Ginsenoside Rb1, the major bioactive component in P. ginseng, constitutes 0.47–0.82% of total P. ginseng root extract (31). The majority of published research on Rb1 has concentrated on the antioxidant and neovascularization effects of this component (32–35). The present study explored the anti-EMT effect of Rb1 in ovarian cancer. To the best of our knowledge, the present study is the first on the anti-neoplastic bioactivity of Rb1 in ovarian cancer. Being a natural herbal medicine, Rb1 demonstrated no significant toxicity to human ovarian cancer cells. It inhibited EMT and migration of ovarian cancer cells in vitro. These results indicated that Rb1 may be a potential candidate for clinical application against ovarian cancer metastasis. At the same time, the possible underlying mechanism of Rb1's anti-EMT function was preliminarily explored. The present study demonstrated that Rb1 downregulated the expression of miR-25, leading to the overexpression of E-cadherin transcriptional activator EP300, thus increasing E-cadherin level and inhibiting the hypoxia-induced EMT process in ovarian cancer cells.

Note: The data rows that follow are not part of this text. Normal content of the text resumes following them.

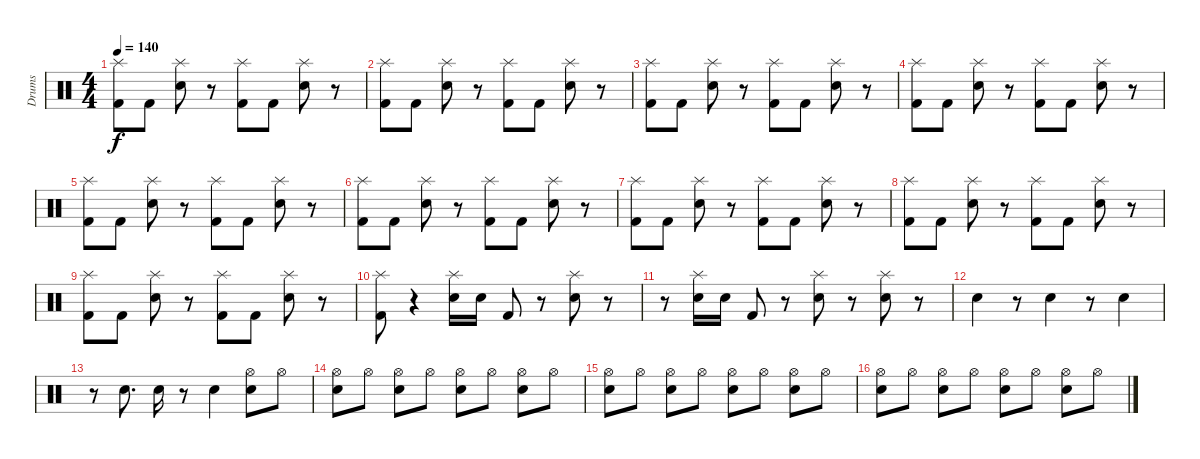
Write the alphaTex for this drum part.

\track ("Drums" "Drums") {instrument percussion}
\staff {score}
\articulation defaults
\ts (4 4)
\tempo 140
\clef neutral
\ks c
("Splash (hit)" "Kick (hit) 2").8{dy f} "Kick (hit) 2".8 ("Splash (hit)" "Snare (hit) 2").8 r.8 ("Splash (hit)" "Kick (hit) 2").8 "Kick (hit) 2".8 ("Splash (hit)" "Snare (hit) 2").8 r.8 |
("Splash (hit)" "Kick (hit) 2").8 "Kick (hit) 2".8 ("Splash (hit)" "Snare (hit) 2").8 r.8 ("Splash (hit)" "Kick (hit) 2").8 "Kick (hit) 2".8 ("Splash (hit)" "Snare (hit) 2").8 r.8 |
("Splash (hit)" "Kick (hit) 2").8 "Kick (hit) 2".8 ("Splash (hit)" "Snare (hit) 2").8 r.8 ("Splash (hit)" "Kick (hit) 2").8 "Kick (hit) 2".8 ("Splash (hit)" "Snare (hit) 2").8 r.8 |
("Splash (hit)" "Kick (hit) 2").8 "Kick (hit) 2".8 ("Splash (hit)" "Snare (hit) 2").8 r.8 ("Splash (hit)" "Kick (hit) 2").8 "Kick (hit) 2".8 ("Splash (hit)" "Snare (hit) 2").8 r.8 |
("Splash (hit)" "Kick (hit) 2").8 "Kick (hit) 2".8 ("Splash (hit)" "Snare (hit) 2").8 r.8 ("Splash (hit)" "Kick (hit) 2").8 "Kick (hit) 2".8 ("Splash (hit)" "Snare (hit) 2").8 r.8 |
("Splash (hit)" "Kick (hit) 2").8 "Kick (hit) 2".8 ("Splash (hit)" "Snare (hit) 2").8 r.8 ("Splash (hit)" "Kick (hit) 2").8 "Kick (hit) 2".8 ("Splash (hit)" "Snare (hit) 2").8 r.8 |
("Splash (hit)" "Kick (hit) 2").8 "Kick (hit) 2".8 ("Splash (hit)" "Snare (hit) 2").8 r.8 ("Splash (hit)" "Kick (hit) 2").8 "Kick (hit) 2".8 ("Splash (hit)" "Snare (hit) 2").8 r.8 |
("Splash (hit)" "Kick (hit) 2").8 "Kick (hit) 2".8 ("Splash (hit)" "Snare (hit) 2").8 r.8 ("Splash (hit)" "Kick (hit) 2").8 "Kick (hit) 2".8 ("Splash (hit)" "Snare (hit) 2").8 r.8 |
("Splash (hit)" "Kick (hit) 2").8 "Kick (hit) 2".8 ("Splash (hit)" "Snare (hit) 2").8 r.8 ("Splash (hit)" "Kick (hit) 2").8 "Kick (hit) 2".8 ("Splash (hit)" "Snare (hit) 2").8 r.8 |
("Splash (hit)" "Kick (hit) 2").8 r.4 ("Splash (hit)" "Snare (hit) 2").16 "Snare (hit) 2".16 "Kick (hit) 2".8 r.8 ("Splash (hit)" "Snare (hit) 2").8 r.8 |
r.8 ("Splash (hit)" "Snare (hit) 2").16 "Snare (hit) 2".16 "Kick (hit) 2".8 r.8 ("Splash (hit)" "Snare (hit) 2").8 r.8 ("Splash (hit)" "Snare (hit) 2").8 r.8 |
"Snare (hit) 2".4 r.8 "Snare (hit) 2".4 r.8 "Snare (hit) 2".4 |
r.8 "Snare (hit) 2".8{d} "Snare (hit) 2".16 r.8 "Snare (hit) 2".4 ("Snare (hit) 2" "Hi-Hat (open)").8 "Hi-Hat (open)".8 |
("Snare (hit) 2" "Hi-Hat (open)").8 "Hi-Hat (open)".8 ("Snare (hit) 2" "Hi-Hat (open)").8 "Hi-Hat (open)".8 ("Snare (hit) 2" "Hi-Hat (open)").8 "Hi-Hat (open)".8 ("Snare (hit) 2" "Hi-Hat (open)").8 "Hi-Hat (open)".8 |
("Snare (hit) 2" "Hi-Hat (open)").8 "Hi-Hat (open)".8 ("Snare (hit) 2" "Hi-Hat (open)").8 "Hi-Hat (open)".8 ("Snare (hit) 2" "Hi-Hat (open)").8 "Hi-Hat (open)".8 ("Snare (hit) 2" "Hi-Hat (open)").8 "Hi-Hat (open)".8 |
("Snare (hit) 2" "Hi-Hat (open)").8 "Hi-Hat (open)".8 ("Snare (hit) 2" "Hi-Hat (open)").8 "Hi-Hat (open)".8 ("Snare (hit) 2" "Hi-Hat (open)").8 "Hi-Hat (open)".8 ("Snare (hit) 2" "Hi-Hat (open)").8 "Hi-Hat (open)".8

To date, published research has revealed the oncogenic involvement of miR-25 in apoptotic signaling (14,36) and in cell invasion and migration (37,38). A study by Smith et al (39) demonstrated that overexpression of miR-25 induced EMT in breast cancer through targeting the tumor-suppressive Smad7 protein, resulting in an increase in TGF-β receptor 1 and downstream activation of TGF signaling. The same mechanism of miR-25 in inducing EMT was also reported in gastric cancer (40). A study by Wang et al (15) indicated that high miR-25 expression was significantly associated with advanced clinical stage and lymph node metastases in epithelial ovarian cancer. Notably, patients with a high expression of miR-25 tended to have shorter survival than patients with lower levels (10). Similarly, it was observed in the present study that miR-25 induced EMT in ovarian cancer cells. Rb1 suppressed the EMT process in ovarian cancer cells by downregulating miR-25. A study by Kwok et al (31) also identified that Rb1 may decrease the expression of miR-25 in human dermal fibroblasts, which is consistent with the results of the present. These findings indicated that miR-25 may be a potential target in ovarian cancer metastasis therapy.

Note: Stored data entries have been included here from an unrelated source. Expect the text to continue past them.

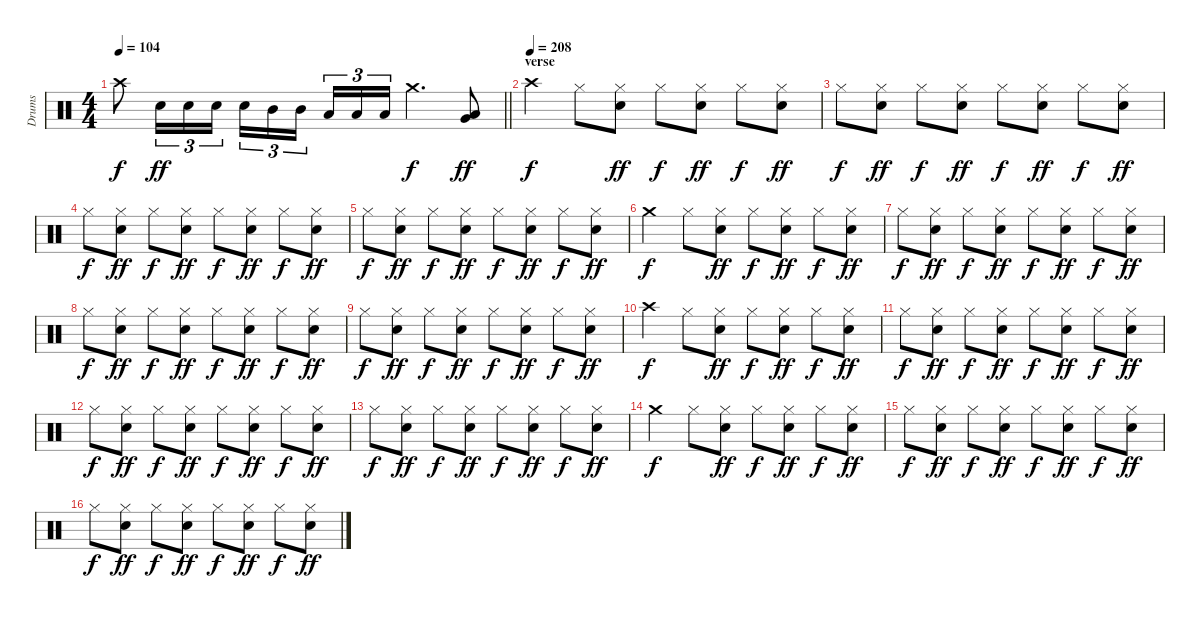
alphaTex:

\track ("Drums" "Drums") {instrument percussion}
\staff {score}
\articulation defaults
\ts (4 4)
\tempo 104
\clef neutral
\barLineRight lightlight
\ks c "Crash high (hit)".8{dy f} "Snare (hit) 2".16{tu (3 2) dy ff} "Snare (hit) 2".16{tu (3 2)} "Snare (hit) 2".16{tu (3 2)} "Snare (hit) 2".16{tu (3 2)} "Mid Tom (hit)".16{tu (3 2)} "Mid Tom (hit)".16{tu (3 2) beam splitsecondary} "Low Tom (hit)".16{tu (3 2)} "Low Tom (hit)".16{tu (3 2)} "Low Tom (hit)".16{tu (3 2)} "Crash medium (hit)".4{d dy f}
("Low Tom (hit)" "Very Low Tom (hit)").8{dy ff} |
\section ("" "verse")
\tempo (208)
"Crash high (hit)".4{dy f} "Hi-Hat (closed)".8 ("Hi-Hat (closed)" "Snare (hit) 2").8{dy ff} "Hi-Hat (closed)".8{dy f} ("Hi-Hat (closed)" "Snare (hit) 2").8{dy ff} "Hi-Hat (closed)".8{dy f} ("Hi-Hat (closed)" "Snare (hit) 2").8{dy ff} |
"Hi-Hat (closed)".8{dy f} ("Hi-Hat (closed)" "Snare (hit) 2").8{dy ff} "Hi-Hat (closed)".8{dy f} ("Hi-Hat (closed)" "Snare (hit) 2").8{dy ff} "Hi-Hat (closed)".8{dy f} ("Hi-Hat (closed)" "Snare (hit) 2").8{dy ff} "Hi-Hat (closed)".8{dy f} ("Hi-Hat (closed)" "Snare (hit) 2").8{dy ff} |
"Hi-Hat (closed)".8{dy f} ("Hi-Hat (closed)" "Snare (hit) 2").8{dy ff} "Hi-Hat (closed)".8{dy f} ("Hi-Hat (closed)" "Snare (hit) 2").8{dy ff} "Hi-Hat (closed)".8{dy f} ("Hi-Hat (closed)" "Snare (hit) 2").8{dy ff} "Hi-Hat (closed)".8{dy f} ("Hi-Hat (closed)" "Snare (hit) 2").8{dy ff} |
"Hi-Hat (closed)".8{dy f} ("Hi-Hat (closed)" "Snare (hit) 2").8{dy ff} "Hi-Hat (closed)".8{dy f} ("Hi-Hat (closed)" "Snare (hit) 2").8{dy ff} "Hi-Hat (closed)".8{dy f} ("Hi-Hat (closed)" "Snare (hit) 2").8{dy ff} "Hi-Hat (closed)".8{dy f} ("Hi-Hat (closed)" "Snare (hit) 2").8{dy ff} |
"Crash medium (hit)".4{dy f} "Hi-Hat (closed)".8 ("Hi-Hat (closed)" "Snare (hit) 2").8{dy ff} "Hi-Hat (closed)".8{dy f} ("Hi-Hat (closed)" "Snare (hit) 2").8{dy ff} "Hi-Hat (closed)".8{dy f} ("Hi-Hat (closed)" "Snare (hit) 2").8{dy ff} |
"Hi-Hat (closed)".8{dy f} ("Hi-Hat (closed)" "Snare (hit) 2").8{dy ff} "Hi-Hat (closed)".8{dy f} ("Hi-Hat (closed)" "Snare (hit) 2").8{dy ff} "Hi-Hat (closed)".8{dy f} ("Hi-Hat (closed)" "Snare (hit) 2").8{dy ff} "Hi-Hat (closed)".8{dy f} ("Hi-Hat (closed)" "Snare (hit) 2").8{dy ff} |
"Hi-Hat (closed)".8{dy f} ("Hi-Hat (closed)" "Snare (hit) 2").8{dy ff} "Hi-Hat (closed)".8{dy f} ("Hi-Hat (closed)" "Snare (hit) 2").8{dy ff} "Hi-Hat (closed)".8{dy f} ("Hi-Hat (closed)" "Snare (hit) 2").8{dy ff} "Hi-Hat (closed)".8{dy f} ("Hi-Hat (closed)" "Snare (hit) 2").8{dy ff} |
"Hi-Hat (closed)".8{dy f} ("Hi-Hat (closed)" "Snare (hit) 2").8{dy ff} "Hi-Hat (closed)".8{dy f} ("Hi-Hat (closed)" "Snare (hit) 2").8{dy ff} "Hi-Hat (closed)".8{dy f} ("Hi-Hat (closed)" "Snare (hit) 2").8{dy ff} "Hi-Hat (closed)".8{dy f} ("Hi-Hat (closed)" "Snare (hit) 2").8{dy ff} |
"Crash high (hit)".4{dy f} "Hi-Hat (closed)".8 ("Hi-Hat (closed)" "Snare (hit) 2").8{dy ff} "Hi-Hat (closed)".8{dy f} ("Hi-Hat (closed)" "Snare (hit) 2").8{dy ff} "Hi-Hat (closed)".8{dy f} ("Hi-Hat (closed)" "Snare (hit) 2").8{dy ff} |
"Hi-Hat (closed)".8{dy f} ("Hi-Hat (closed)" "Snare (hit) 2").8{dy ff} "Hi-Hat (closed)".8{dy f} ("Hi-Hat (closed)" "Snare (hit) 2").8{dy ff} "Hi-Hat (closed)".8{dy f} ("Hi-Hat (closed)" "Snare (hit) 2").8{dy ff} "Hi-Hat (closed)".8{dy f} ("Hi-Hat (closed)" "Snare (hit) 2").8{dy ff} |
"Hi-Hat (closed)".8{dy f} ("Hi-Hat (closed)" "Snare (hit) 2").8{dy ff} "Hi-Hat (closed)".8{dy f} ("Hi-Hat (closed)" "Snare (hit) 2").8{dy ff} "Hi-Hat (closed)".8{dy f} ("Hi-Hat (closed)" "Snare (hit) 2").8{dy ff} "Hi-Hat (closed)".8{dy f} ("Hi-Hat (closed)" "Snare (hit) 2").8{dy ff} |
"Hi-Hat (closed)".8{dy f} ("Hi-Hat (closed)" "Snare (hit) 2").8{dy ff} "Hi-Hat (closed)".8{dy f} ("Hi-Hat (closed)" "Snare (hit) 2").8{dy ff} "Hi-Hat (closed)".8{dy f} ("Hi-Hat (closed)" "Snare (hit) 2").8{dy ff} "Hi-Hat (closed)".8{dy f} ("Hi-Hat (closed)" "Snare (hit) 2").8{dy ff} |
"Crash medium (hit)".4{dy f} "Hi-Hat (closed)".8 ("Hi-Hat (closed)" "Snare (hit) 2").8{dy ff} "Hi-Hat (closed)".8{dy f} ("Hi-Hat (closed)" "Snare (hit) 2").8{dy ff} "Hi-Hat (closed)".8{dy f} ("Hi-Hat (closed)" "Snare (hit) 2").8{dy ff} |
"Hi-Hat (closed)".8{dy f} ("Hi-Hat (closed)" "Snare (hit) 2").8{dy ff} "Hi-Hat (closed)".8{dy f} ("Hi-Hat (closed)" "Snare (hit) 2").8{dy ff} "Hi-Hat (closed)".8{dy f} ("Hi-Hat (closed)" "Snare (hit) 2").8{dy ff} "Hi-Hat (closed)".8{dy f} ("Hi-Hat (closed)" "Snare (hit) 2").8{dy ff} |
"Hi-Hat (closed)".8{dy f} ("Hi-Hat (closed)" "Snare (hit) 2").8{dy ff} "Hi-Hat (closed)".8{dy f} ("Hi-Hat (closed)" "Snare (hit) 2").8{dy ff} "Hi-Hat (closed)".8{dy f} ("Hi-Hat (closed)" "Snare (hit) 2").8{dy ff} "Hi-Hat (closed)".8{dy f} ("Hi-Hat (closed)" "Snare (hit) 2").8{dy ff}

EP300 is as a transcriptional cofactor and prototype histone acetyltransferase involved in regulating multiple cellular processes, including cell cycle regulation, proliferation, differentiation, apoptosis, DNA damage repair and adhesion, as well as embryonic development (41,42). EP300 has been demonstrated to be a transcriptional activator of E-cadherin and to promote E-cadherin gene expression (43,44). Furthermore, EP300 has been suggested to be the target gene of miR-25 in minimally transformed mammary epithelial cells (MTMEC) (27). In MTMEC cells, by targeting EP300, overexpressed miR-25 led to an EMT-like phenotypic characteristic change, including an increase in cell motility and invasion, as well as the ability to proliferate following treatment with doxorubicin (27). When EP300 was strongly expressed, the association between SNAIL expression and downregulation of E-cadherin was lost in colon carcinoma (45). Research has also demonstrated that loss of EP300 in HCT116 cells resulted in a potentially aggressive phenotype characterized by reduced adhesion and increased migration (46). Furthermore, several critical genes involved in these pathways are differentially expressed, suggesting that EP300 loss promoted EMT (46). Similarly, in the present study, EP300 was repressed during the hypoxia-induced EMT process in ovarian cancer cells, paralleled with E-cadherin downregulation. However, following treatment with Rb1, EP300 expression was recovered. Therefore, EP300 functioned in sustaining epithelial characteristics in cancer cells.

In conclusion, the results of the present study demonstrated that Rb1 could inhibit the hypoxia-induced EMT process in ovarian cancer cells through the miR-25/EP300/E-cadherin pathway. These results provided support for Rb1 acting as a useful drug candidate for ovarian cancer therapy, which warrants further research in the application of ginsenosides in cancer treatment.